**TASK REQUIREMENTS**
Scan the records below for the line with "4. car at [187, 195, 199, 205]" and the line with "12. car at [167, 196, 176, 201]". Repeat those two lines and every line between them exactly, and nothing else.

Records from a dataset:
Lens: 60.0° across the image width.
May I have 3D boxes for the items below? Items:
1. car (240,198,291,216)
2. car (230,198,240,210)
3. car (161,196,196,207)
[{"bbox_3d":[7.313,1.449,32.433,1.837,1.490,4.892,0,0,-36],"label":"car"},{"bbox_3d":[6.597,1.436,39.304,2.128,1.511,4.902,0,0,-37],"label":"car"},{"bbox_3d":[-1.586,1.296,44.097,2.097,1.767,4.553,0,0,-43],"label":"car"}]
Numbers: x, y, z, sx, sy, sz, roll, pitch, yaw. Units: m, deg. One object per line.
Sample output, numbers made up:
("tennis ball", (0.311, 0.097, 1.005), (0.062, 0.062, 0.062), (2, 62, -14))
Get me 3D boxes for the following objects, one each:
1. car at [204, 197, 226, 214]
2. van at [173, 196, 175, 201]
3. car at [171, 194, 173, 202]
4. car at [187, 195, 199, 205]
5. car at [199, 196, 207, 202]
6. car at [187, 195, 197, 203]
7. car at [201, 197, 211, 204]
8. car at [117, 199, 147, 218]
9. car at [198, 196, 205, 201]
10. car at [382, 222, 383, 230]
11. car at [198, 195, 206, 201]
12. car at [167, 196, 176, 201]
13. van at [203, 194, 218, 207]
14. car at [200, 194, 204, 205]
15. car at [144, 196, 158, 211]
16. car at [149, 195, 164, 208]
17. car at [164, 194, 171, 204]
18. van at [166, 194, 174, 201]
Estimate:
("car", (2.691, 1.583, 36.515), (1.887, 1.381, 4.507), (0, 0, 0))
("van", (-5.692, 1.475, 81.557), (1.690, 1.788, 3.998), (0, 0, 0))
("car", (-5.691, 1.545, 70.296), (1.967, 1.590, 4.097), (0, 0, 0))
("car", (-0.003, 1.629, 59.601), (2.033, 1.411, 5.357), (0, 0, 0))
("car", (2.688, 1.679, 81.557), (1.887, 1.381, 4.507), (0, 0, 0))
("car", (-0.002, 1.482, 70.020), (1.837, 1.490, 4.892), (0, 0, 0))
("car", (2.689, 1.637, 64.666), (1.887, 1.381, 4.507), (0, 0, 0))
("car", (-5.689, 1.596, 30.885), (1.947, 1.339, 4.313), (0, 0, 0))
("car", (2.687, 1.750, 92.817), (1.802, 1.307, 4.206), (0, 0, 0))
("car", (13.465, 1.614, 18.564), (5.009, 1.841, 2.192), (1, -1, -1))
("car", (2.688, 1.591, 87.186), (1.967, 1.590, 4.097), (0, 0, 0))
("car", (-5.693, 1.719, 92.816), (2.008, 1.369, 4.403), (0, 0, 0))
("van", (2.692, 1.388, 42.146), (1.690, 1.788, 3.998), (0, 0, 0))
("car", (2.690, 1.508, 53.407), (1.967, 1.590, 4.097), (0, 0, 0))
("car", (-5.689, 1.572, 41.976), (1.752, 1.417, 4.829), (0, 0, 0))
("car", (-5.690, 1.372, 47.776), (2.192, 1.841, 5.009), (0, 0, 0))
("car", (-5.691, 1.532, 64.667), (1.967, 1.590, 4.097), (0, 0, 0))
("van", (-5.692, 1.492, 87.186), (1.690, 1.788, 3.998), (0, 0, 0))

**ANSWER BOX**
4. car at [187, 195, 199, 205]
5. car at [199, 196, 207, 202]
6. car at [187, 195, 197, 203]
7. car at [201, 197, 211, 204]
8. car at [117, 199, 147, 218]
9. car at [198, 196, 205, 201]
10. car at [382, 222, 383, 230]
11. car at [198, 195, 206, 201]
12. car at [167, 196, 176, 201]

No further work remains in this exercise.